[Data extracted from a collection]
=====

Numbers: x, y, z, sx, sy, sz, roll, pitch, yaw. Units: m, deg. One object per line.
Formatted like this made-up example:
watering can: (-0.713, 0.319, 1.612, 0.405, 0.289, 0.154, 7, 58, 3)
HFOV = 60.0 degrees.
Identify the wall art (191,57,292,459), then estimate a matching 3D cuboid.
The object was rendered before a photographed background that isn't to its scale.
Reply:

=====

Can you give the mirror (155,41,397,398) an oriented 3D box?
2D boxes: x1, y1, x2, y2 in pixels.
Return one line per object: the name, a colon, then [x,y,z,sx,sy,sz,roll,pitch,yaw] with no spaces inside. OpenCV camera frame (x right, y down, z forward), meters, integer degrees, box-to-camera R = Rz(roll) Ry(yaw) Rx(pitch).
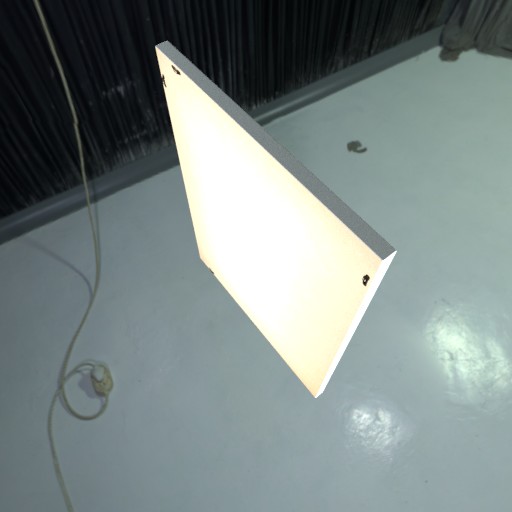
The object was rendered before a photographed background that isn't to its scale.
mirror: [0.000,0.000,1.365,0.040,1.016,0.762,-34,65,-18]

=====

**Work to be completed**
In the entries above, find lines with "degrees" and copy each.

**Answer space**
HFOV = 60.0 degrees.
Return one line per object: the name, a colon, then [x,y,z,sx,sy,sz,roll,pitch,yaw] with no spaces inside. OpenCV camera frame (x right, y down, z forward), meters, integer degrees, box-to-camera R = Rz(roll) Ry(yaw) Rx(pitch).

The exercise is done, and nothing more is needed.